Исследуя политико-экономический контекст глобальных сетевых цифровых технологий, А. Рединг отмечает существование глобальной
цифровой памяти (globital memory) (Reading, 2014). В своей взаимосвязи мобильность, глобализация и медиатизация оказывают воздействие на конструирование пространства и времени, на концентрацию и потоки капитала и трудовых ресурсов (Keightley & Reading, 2014). В этих работах и в более поздней монографии (Reading, 2016) А. Рединг устанавливает взаимосвязи между практикой и политико-экономическими структурированиями, между материальным и медиативным с одной стороны, между мобильностью и глобализацией с другой стороны, переводя фокус на индивидуальные достижения памяти.
Е. Эспозито рассматривает вопросы взаимосвязи памяти и цифровых медиа исходя из концепции социальной памяти. Она фокусирует внимание не на понятии групповой коллективной памяти, а на понятии социальной памяти, подразумевая под ней «вид и способ обращения общества с прошлым и будущим, способ использования опыта для ориентирования в способах поведения и коммуникации (исходя из того, что думает один или несколько индивидуумов по отдельности) (Esposito, 2013). Опираясь на медиальные изменения, Е. Эспозито исследует социальную память современного общества. Кажется, что цифровые технологии позволяют помнить все и также продуцируют информацию, которая «доступна, хотя о ней не размышляли ранее и не обсуждали её» (Esposito, 2013, p. 96).
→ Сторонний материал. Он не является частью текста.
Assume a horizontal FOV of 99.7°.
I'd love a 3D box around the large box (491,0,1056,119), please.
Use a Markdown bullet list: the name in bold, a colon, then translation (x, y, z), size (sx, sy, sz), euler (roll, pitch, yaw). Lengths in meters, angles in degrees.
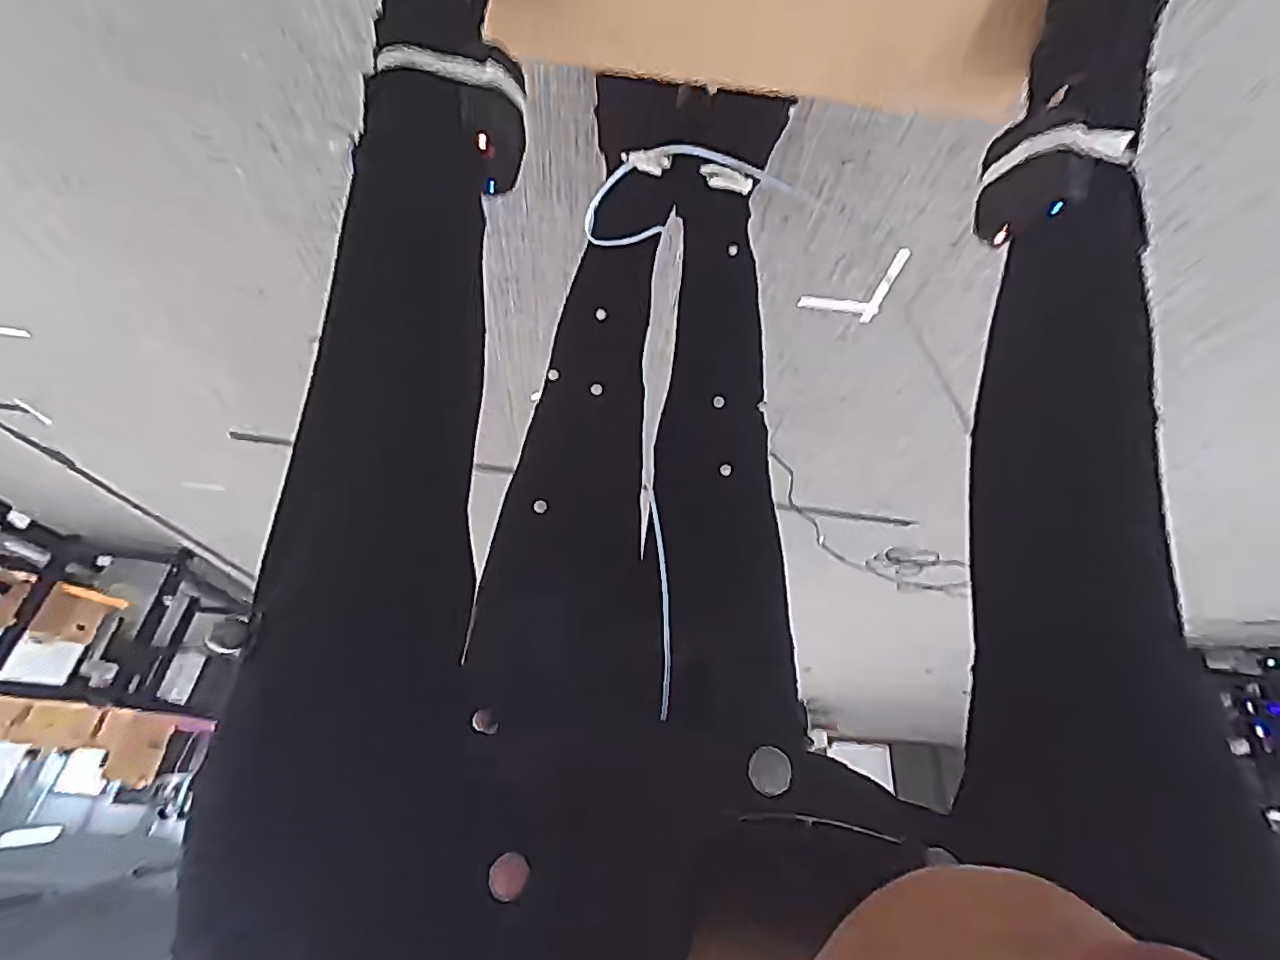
- **large box**: translation (0.104, -0.514, 0.395), size (0.408, 0.320, 0.320), euler (5, 144, -3)

По утверждению В. Зоммер (Sommer, 2018), проблематичным в концепции Е. Эспозито является отождествление интернета как информационно-коммуникационной технологии с возможностями воспоминания о социальных системах. Если следовать этому утверждению, получается, что все, что сохранено с помощью информационно-коммуникационных технологий и может быть найдено в сети, потенциально пробуждает воспоминания о социальных системах.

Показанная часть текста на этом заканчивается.